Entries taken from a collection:
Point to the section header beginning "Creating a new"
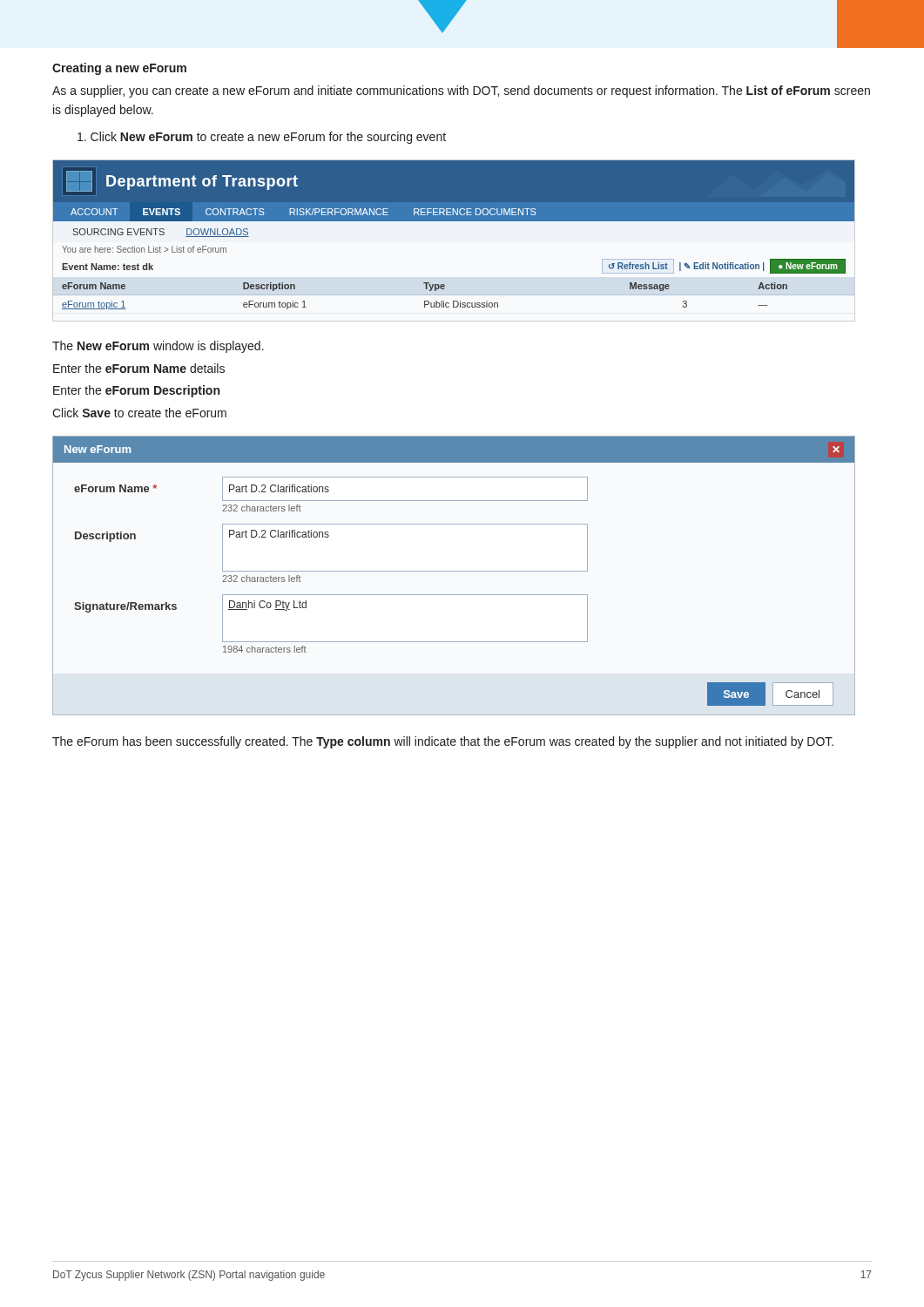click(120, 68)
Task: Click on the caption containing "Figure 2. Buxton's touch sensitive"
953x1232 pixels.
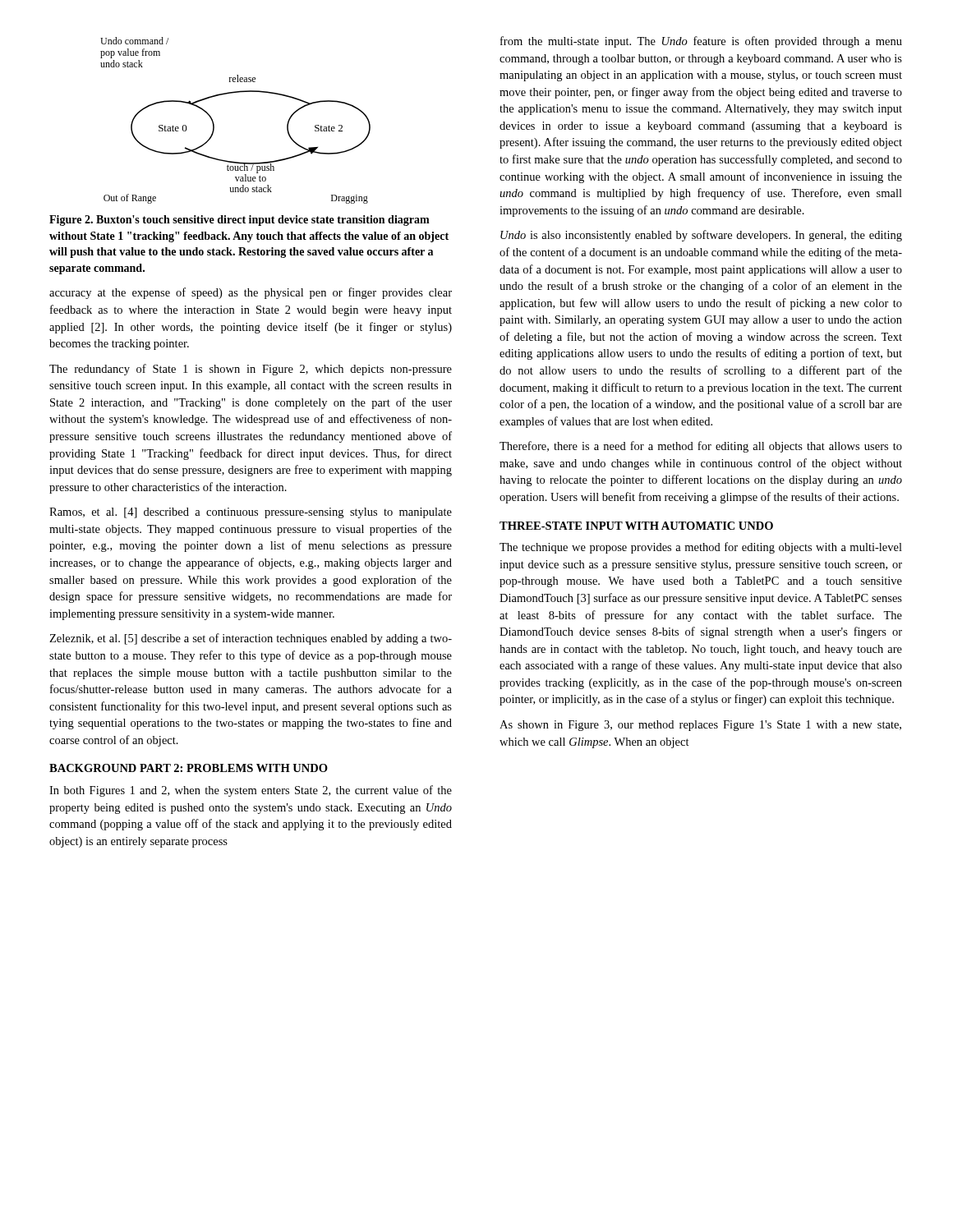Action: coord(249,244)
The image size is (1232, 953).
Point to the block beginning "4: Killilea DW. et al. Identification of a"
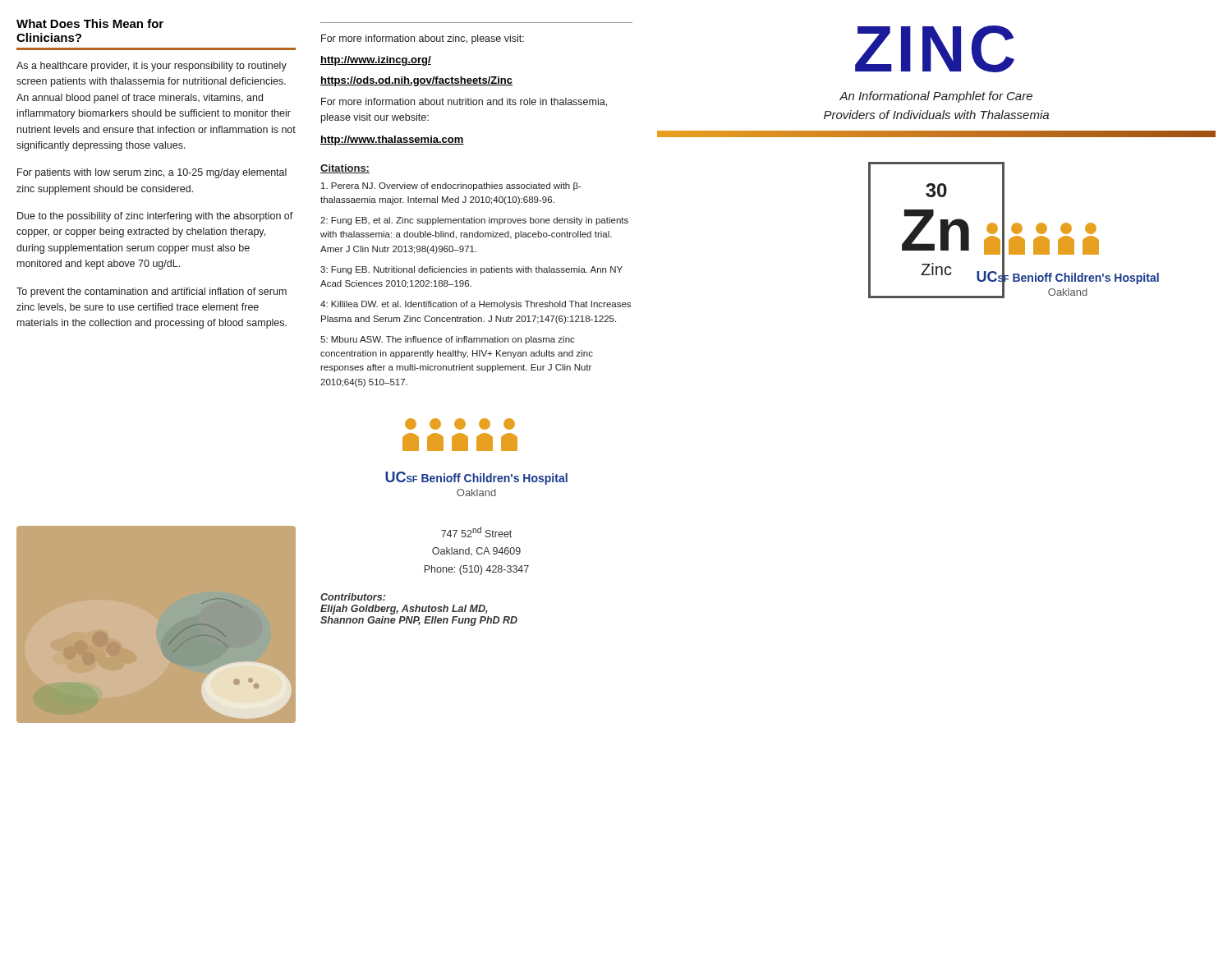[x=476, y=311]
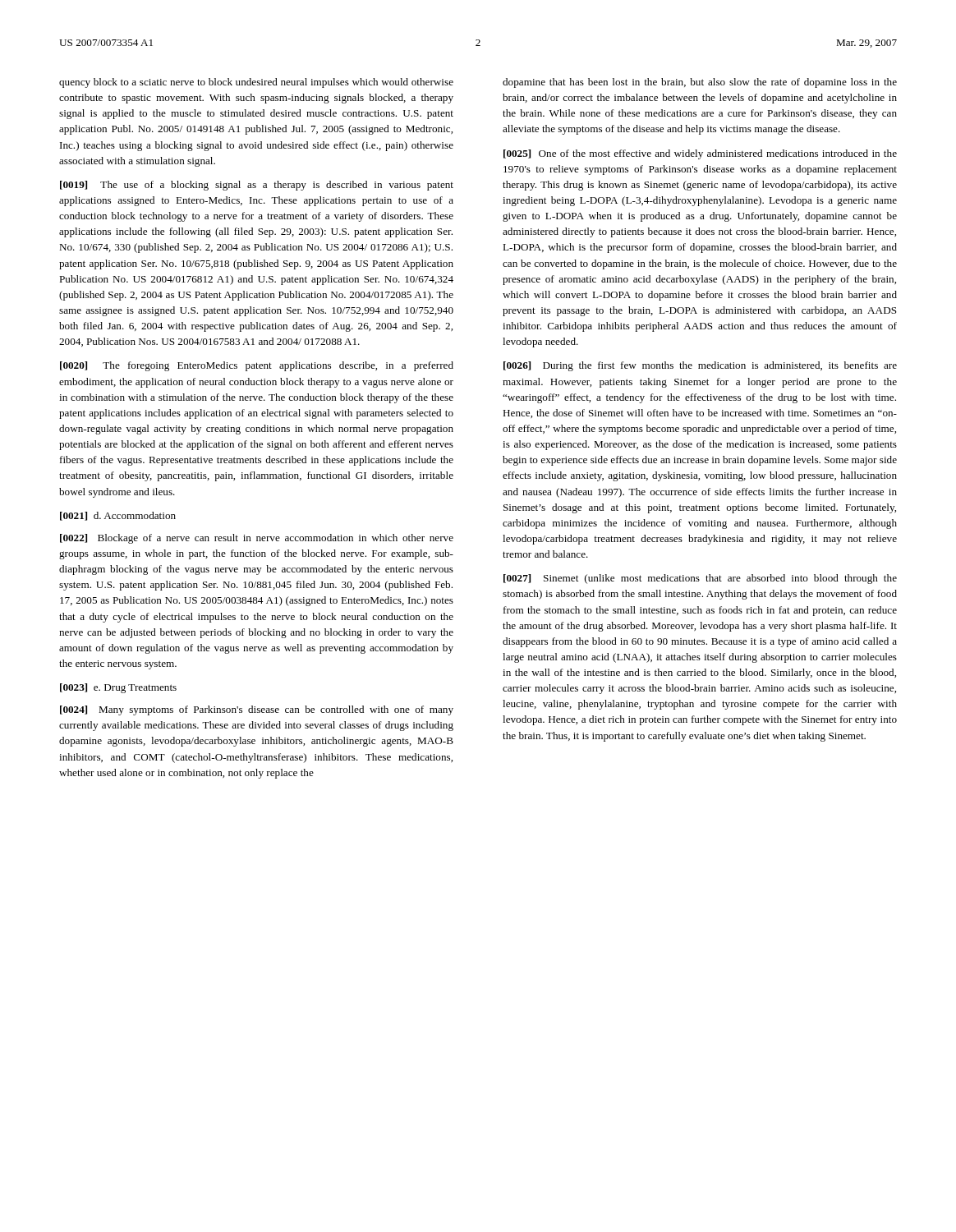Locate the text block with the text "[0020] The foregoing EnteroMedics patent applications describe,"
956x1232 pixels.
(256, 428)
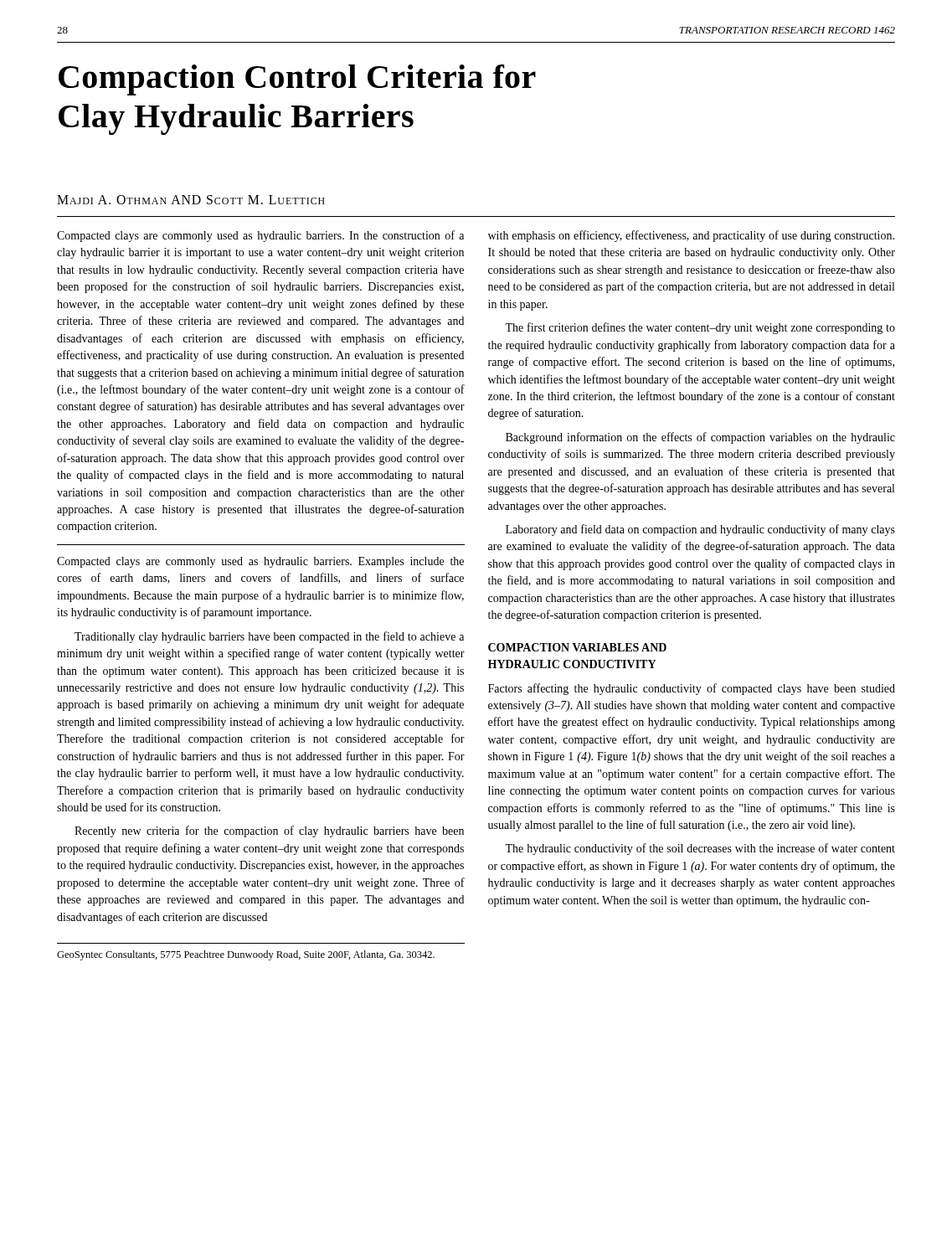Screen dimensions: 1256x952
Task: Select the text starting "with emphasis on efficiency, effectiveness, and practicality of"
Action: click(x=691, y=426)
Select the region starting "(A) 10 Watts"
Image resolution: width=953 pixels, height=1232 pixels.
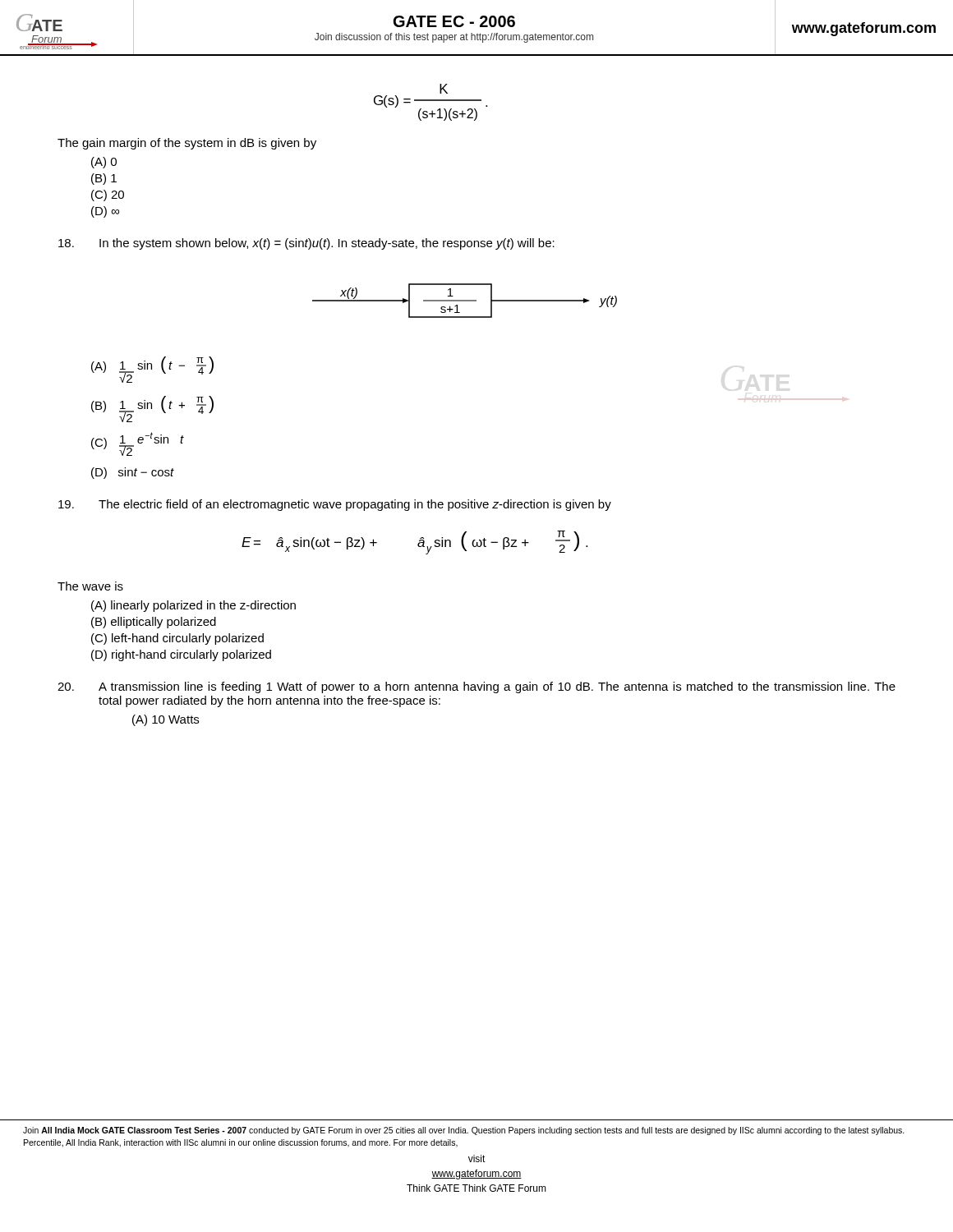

About this exercise: Write out nothing but the lines from the start of the data through the line with "The image size is (1232, 953).". Leave out the pictures.

Result for this exercise:
Point to the section header beginning "Creating a new"
click(120, 68)
Task: Click on the caption containing "Figure 2. Buxton's touch sensitive"
953x1232 pixels.
Action: coord(249,244)
The image size is (1232, 953).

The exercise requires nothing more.